Noch etwas weiter links hinter den letzten Häusern sind die Hügel zu erkennen, die ganz ganz langsam ansteigend etwa 40-50 Kilometer weiter dann den Namen Troodos annehmen. Wieder nach rechts schwenkt der Blick Richtung Ost-Nordost-Nord, unter dem Olymp vorbei hinweg über die unzähligen Dächer der kastenförmigen Büroungeheuer der Neustadt hin zur Altstadt, die sich hinter die Venezianische Mauer duckt, aber von hier schutzlos dem Blick preisgegeben ist. Sie vergibt sich damit nichts, ihre kleinen schäbigen Häuser, ihre engen Gassen und gar die berühmte "Green line", die sie durchschneidet bleiben im Einzelnen unerkennbar. Der Blick bleibt haften einzig an dem merkwürdigen, langgezogenen Bau, mit Bögen wie Notre Dame, aber zwei deutlichen Minaretten, die vor den östlichen Gipfeln des Pentadaktylos gen Himmel reichen. Von hier aus ist das Gebäude nicht als imposant zu bezeichnen. Aber es ist schön, wenn morgens die ersten Sonnenstrahlen darauf fallen, und die einzelnen Bögen sich von den Mauern hell abhebend bis hier herüberleuchten. Hier herüber, weil dort "drüben" ist, die türkisch besetzten Gebiete, nach offizieller Lesart. Mitten in der Altstadt ist sie oft ganz nah, daß es scheint als müsse man nur um die nächste Ecke gehen, um sogleich vor ihm zu stehen. Ursprünglich die größte gotische Kirche auf der Insel, wurde ihr Grundstein 1203 vom fränkischen Herrscherhaus der Lusignans gelegt. Nach der türkischen Eroberung 1570 wurde dann aus der Sophienkathedrale die Selimiye-Moschee, benannt nach Sultan Selim, zu jener Zeit Herrscher über das Osmanische Reich, das auf den Höhepunkt seiner Macht zustrebte.
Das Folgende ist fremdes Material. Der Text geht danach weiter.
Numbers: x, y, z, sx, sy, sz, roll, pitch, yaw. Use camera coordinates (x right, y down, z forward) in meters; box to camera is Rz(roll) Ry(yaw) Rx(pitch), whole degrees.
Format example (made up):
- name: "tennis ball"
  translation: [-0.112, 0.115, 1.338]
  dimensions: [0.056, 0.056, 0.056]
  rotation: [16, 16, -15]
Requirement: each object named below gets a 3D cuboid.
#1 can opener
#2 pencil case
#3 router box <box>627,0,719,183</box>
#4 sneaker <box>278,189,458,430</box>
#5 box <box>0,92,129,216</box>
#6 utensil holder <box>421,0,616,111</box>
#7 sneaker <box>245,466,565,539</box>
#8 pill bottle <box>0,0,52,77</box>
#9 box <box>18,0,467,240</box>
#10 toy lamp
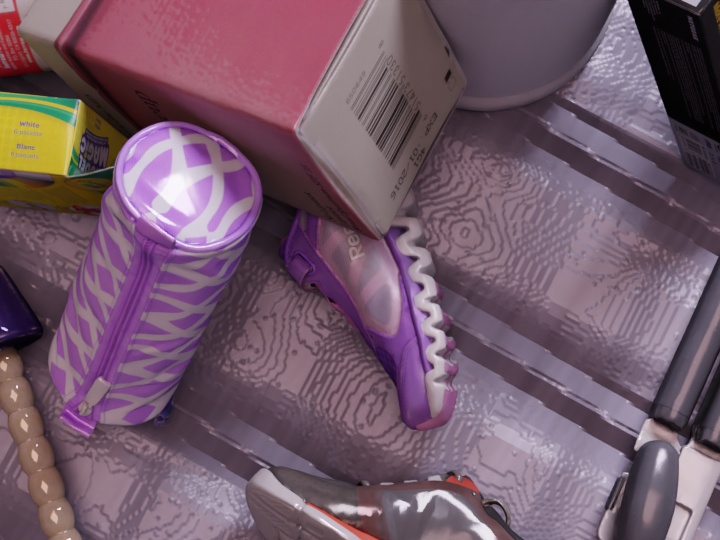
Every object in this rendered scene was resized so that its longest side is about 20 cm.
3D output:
- name: "can opener"
  translation: [0.198, 0.081, 0.792]
  dimensions: [0.053, 0.067, 0.202]
  rotation: [25, 83, 3]
- name: "pencil case"
  translation: [-0.117, 0.010, 0.741]
  dimensions: [0.084, 0.201, 0.086]
  rotation: [35, 47, 5]
- name: "router box"
  translation: [0.227, -0.155, 0.759]
  dimensions: [0.052, 0.200, 0.158]
  rotation: [33, 83, 32]
- name: "sneaker"
  translation: [0.000, 0.000, 0.803]
  dimensions: [0.087, 0.081, 0.203]
  rotation: [-17, 77, 3]
- name: "box"
  translation: [-0.211, -0.068, 0.776]
  dimensions: [0.197, 0.117, 0.049]
  rotation: [9, 82, 9]
- name: "utensil holder"
  translation: [0.078, -0.197, 0.764]
  dimensions: [0.167, 0.200, 0.172]
  rotation: [0, 82, -1]
- name: "sneaker"
  translation: [0.031, 0.152, 0.794]
  dimensions: [0.198, 0.077, 0.082]
  rotation: [25, 56, 2]
- name: "pill bottle"
  translation: [-0.265, -0.163, 0.803]
  dimensions: [0.197, 0.112, 0.114]
  rotation: [-8, 82, -1]
- name: "box"
  translation: [-0.062, -0.117, 0.749]
  dimensions: [0.198, 0.128, 0.110]
  rotation: [22, 77, 30]
- name: "toy lamp"
  translation: [-0.193, 0.095, 0.796]
  dimensions: [0.058, 0.058, 0.202]
  rotation: [-22, 82, -3]
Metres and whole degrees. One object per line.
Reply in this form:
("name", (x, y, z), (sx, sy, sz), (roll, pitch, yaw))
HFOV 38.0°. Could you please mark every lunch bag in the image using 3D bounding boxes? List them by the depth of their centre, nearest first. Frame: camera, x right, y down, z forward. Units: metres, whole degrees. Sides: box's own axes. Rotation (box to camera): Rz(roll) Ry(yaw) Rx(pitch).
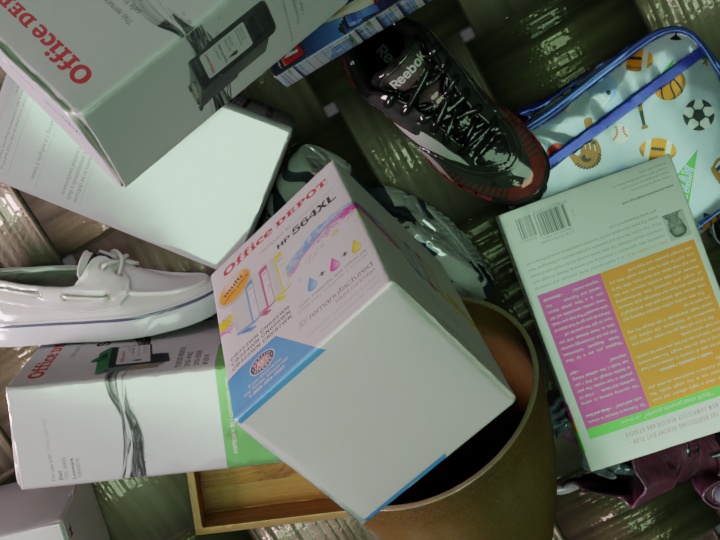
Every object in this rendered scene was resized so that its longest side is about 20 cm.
("lunch bag", (0.205, -0.087, 0.825), (0.200, 0.076, 0.161), (-35, 93, 4))

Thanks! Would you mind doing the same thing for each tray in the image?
("tray", (-0.047, 0.162, 0.896), (0.199, 0.037, 0.099), (-6, 104, -1))

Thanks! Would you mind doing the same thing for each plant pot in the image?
("plant pot", (0.078, 0.154, 0.808), (0.186, 0.187, 0.200), (-29, 129, 4))

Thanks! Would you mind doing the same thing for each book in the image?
("book", (0.196, 0.031, 0.772), (0.133, 0.048, 0.201), (-19, 90, 4))

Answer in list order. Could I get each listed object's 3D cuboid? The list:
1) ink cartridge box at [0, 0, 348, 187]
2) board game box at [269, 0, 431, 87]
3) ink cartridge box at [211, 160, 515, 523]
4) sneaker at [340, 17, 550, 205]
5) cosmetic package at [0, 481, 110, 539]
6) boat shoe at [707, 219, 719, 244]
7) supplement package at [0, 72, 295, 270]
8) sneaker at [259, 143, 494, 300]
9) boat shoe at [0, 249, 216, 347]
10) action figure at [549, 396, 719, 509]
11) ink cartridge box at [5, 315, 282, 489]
("ink cartridge box", (-0.130, -0.173, 0.659), (0.200, 0.083, 0.145), (-42, 66, -13))
("board game box", (-0.044, -0.231, 0.750), (0.199, 0.062, 0.201), (-28, 69, 13))
("ink cartridge box", (-0.010, 0.035, 0.697), (0.128, 0.200, 0.125), (-42, 120, 10))
("sneaker", (0.056, -0.122, 0.771), (0.200, 0.098, 0.071), (44, 97, 11))
("cosmetic package", (-0.319, 0.239, 0.863), (0.199, 0.108, 0.085), (-12, 104, 1))
("boat shoe", (0.366, -0.090, 0.839), (0.199, 0.068, 0.074), (-39, 103, 7))
("supplement package", (-0.161, -0.096, 0.784), (0.199, 0.117, 0.117), (23, 101, -8))
("sneaker", (0.000, 0.000, 0.841), (0.199, 0.080, 0.130), (26, 117, -27))
("boat shoe", (-0.207, 0.015, 0.836), (0.199, 0.072, 0.066), (-5, 109, 6))
("action figure", (0.255, 0.160, 0.878), (0.199, 0.135, 0.149), (7, 146, -31))
("ink cartridge box", (-0.157, 0.096, 0.816), (0.199, 0.146, 0.085), (-5, 103, -2))
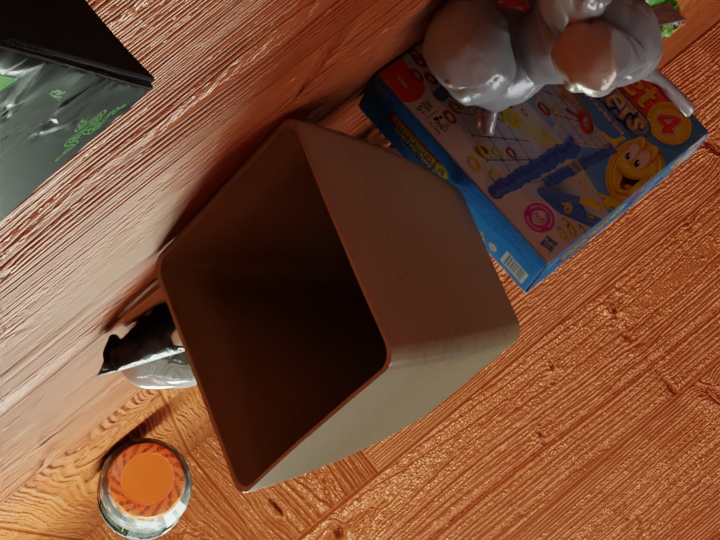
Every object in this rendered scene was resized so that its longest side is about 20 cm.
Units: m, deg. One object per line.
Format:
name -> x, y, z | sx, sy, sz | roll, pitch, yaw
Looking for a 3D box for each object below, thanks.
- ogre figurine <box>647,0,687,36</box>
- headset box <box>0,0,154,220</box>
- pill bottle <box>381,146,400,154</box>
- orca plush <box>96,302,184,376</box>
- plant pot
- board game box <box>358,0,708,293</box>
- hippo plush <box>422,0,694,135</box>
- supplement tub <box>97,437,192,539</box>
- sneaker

Noch auf einer Briefmarke von 1962 finden sich gleichzeitig nebeneinander über dem Bild des Baus die Namen "Aya Sofia" und "Selimiye Cami", die Kirche der heiligen Sofia und die Moschee des Selim in trauter Eintracht. 1962 ist sehr lange her. 1974 dagegen ist sehr nah und allgegenwärtig. Doch davon später mehr.




Zurück am Schreibtisch geht mein Blick wieder hinaus in das ferne dunkle Grau, wo sich die Mesaoria ausstreckt. Ein greller Vollmond steht hoch darüber am dunkelblauen Himmel. Eine Fledermaus fliegt zackig schwankend zwischen Fenster und Mond. Vor dem Pentadaktylos, im türkischen Teil, flimmern zahlreiche Scheinwerfer auf Nikosia zu, die Straße von Famagusta kommend. Vor 422 Jahren zogen etwa 4000 Janitscharen den umgekehrten Weg um von Nikosia aus "Maghosa" zu erobern.

Und vor 21 Jahren, drei Monate nach dem Einmarsch der türkischen Armee kam mit einem dieser Funkellichter ein deutscher Weltenbummler mit Frau und kleiner Tochter im ausgebauten Bulli, eigentlich auf dem Rückweg von Indien nach Europa über die Straße aus Famagusta, auf die er jetzt vom Arbeitszimmer aus schaut. Aber das konnte er damals nicht wissen. Auch nicht, das ein kleines, zehnjähriges griechisches Mädchen, das zwei Monate vorher mit seiner Familie aus Famagusta in die Berge geflohen war, einmal eine wichtige Rolle in seinem Leben spielen würde. Aber auch davon später mehr.